## DATASET ENTRIES
=== Section Start ===
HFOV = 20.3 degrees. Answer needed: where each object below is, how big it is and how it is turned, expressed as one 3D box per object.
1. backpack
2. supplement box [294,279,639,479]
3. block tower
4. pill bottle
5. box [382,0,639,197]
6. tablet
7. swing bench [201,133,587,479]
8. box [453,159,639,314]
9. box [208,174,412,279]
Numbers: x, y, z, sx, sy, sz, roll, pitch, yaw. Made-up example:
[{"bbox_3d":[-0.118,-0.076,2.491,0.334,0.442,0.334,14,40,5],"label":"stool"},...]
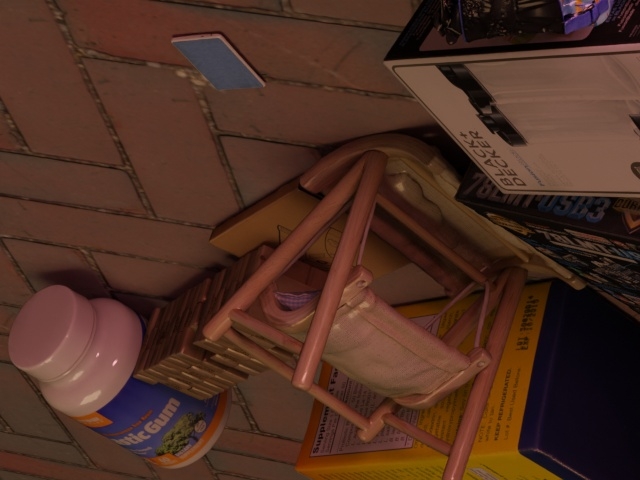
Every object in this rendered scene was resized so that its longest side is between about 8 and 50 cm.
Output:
[{"bbox_3d":[0.122,-0.231,1.124,0.117,0.158,0.173,-1,141,15],"label":"backpack"},{"bbox_3d":[0.176,0.187,1.939,0.195,0.194,0.356,33,151,-35],"label":"supplement box"},{"bbox_3d":[-0.098,0.097,1.979,0.097,0.091,0.335,26,156,-20],"label":"block tower"},{"bbox_3d":[-0.247,0.163,2.182,0.152,0.152,0.272,-7,149,40],"label":"pill bottle"},{"bbox_3d":[0.201,-0.113,1.292,0.169,0.087,0.290,45,158,-30],"label":"box"},{"bbox_3d":[-0.089,-0.157,1.573,0.054,0.006,0.083,-1,152,31],"label":"tablet"},{"bbox_3d":[0.075,0.058,1.690,0.253,0.254,0.165,37,171,-39],"label":"swing bench"},{"bbox_3d":[0.309,0.017,1.535,0.293,0.073,0.295,31,172,-30],"label":"box"},{"bbox_3d":[0.000,0.000,1.847,0.164,0.021,0.201,25,154,-22],"label":"box"}]
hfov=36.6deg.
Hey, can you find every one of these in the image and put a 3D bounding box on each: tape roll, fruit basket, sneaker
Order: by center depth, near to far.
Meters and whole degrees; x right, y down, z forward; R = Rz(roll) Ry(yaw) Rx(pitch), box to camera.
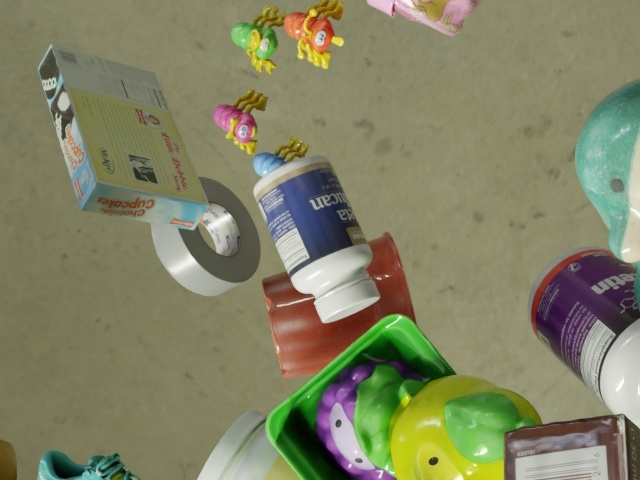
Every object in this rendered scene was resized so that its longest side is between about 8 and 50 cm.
[{"bbox_3d":[0.138,0.286,1.222,0.283,0.392,0.392,-40,109,-1],"label":"fruit basket"},{"bbox_3d":[-0.294,0.357,1.358,0.275,0.107,0.109,2,96,25],"label":"sneaker"},{"bbox_3d":[-0.215,-0.008,1.831,0.072,0.219,0.219,-29,111,33],"label":"tape roll"}]

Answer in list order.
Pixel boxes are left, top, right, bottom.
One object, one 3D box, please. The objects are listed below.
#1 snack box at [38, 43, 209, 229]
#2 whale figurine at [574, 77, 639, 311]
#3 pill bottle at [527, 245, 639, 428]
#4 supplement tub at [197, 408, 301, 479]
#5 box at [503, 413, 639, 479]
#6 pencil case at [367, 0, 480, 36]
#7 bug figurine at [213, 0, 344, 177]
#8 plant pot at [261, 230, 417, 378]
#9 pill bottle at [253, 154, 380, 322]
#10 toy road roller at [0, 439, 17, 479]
[{"bbox_3d":[-0.301,-0.159,1.463,0.187,0.322,0.060,10,130,-38],"label":"snack box"},{"bbox_3d":[0.351,-0.046,1.040,0.141,0.216,0.272,17,135,37],"label":"whale figurine"},{"bbox_3d":[0.440,0.143,1.371,0.182,0.323,0.181,-6,113,-15],"label":"pill bottle"},{"bbox_3d":[-0.020,0.440,1.555,0.331,0.241,0.241,27,130,15],"label":"supplement tub"},{"bbox_3d":[0.343,0.348,1.041,0.143,0.191,0.381,-17,142,32],"label":"box"},{"bbox_3d":[0.200,-0.427,1.141,0.167,0.160,0.386,20,118,-30],"label":"pencil case"},{"bbox_3d":[-0.065,-0.198,1.299,0.216,0.072,0.279,30,112,45],"label":"bug figurine"},{"bbox_3d":[0.034,0.143,1.885,0.265,0.272,0.272,-13,123,-2],"label":"plant pot"},{"bbox_3d":[0.000,0.000,1.061,0.094,0.094,0.169,-32,77,35],"label":"pill bottle"},{"bbox_3d":[-0.509,0.207,1.144,0.203,0.240,0.329,-6,159,4],"label":"toy road roller"}]
=== Section End ===
## TRY IT
Copy the lines of the data above exactly as written, beginning with the line containing "4. pill bottle" and ending with the line containing "Numbers: x, y, z, sx, sy, sz, roll, pitch, yaw.", and leave out all other lines.

## THE ANSWER
4. pill bottle
5. box [382,0,639,197]
6. tablet
7. swing bench [201,133,587,479]
8. box [453,159,639,314]
9. box [208,174,412,279]
Numbers: x, y, z, sx, sy, sz, roll, pitch, yaw. Made-up example:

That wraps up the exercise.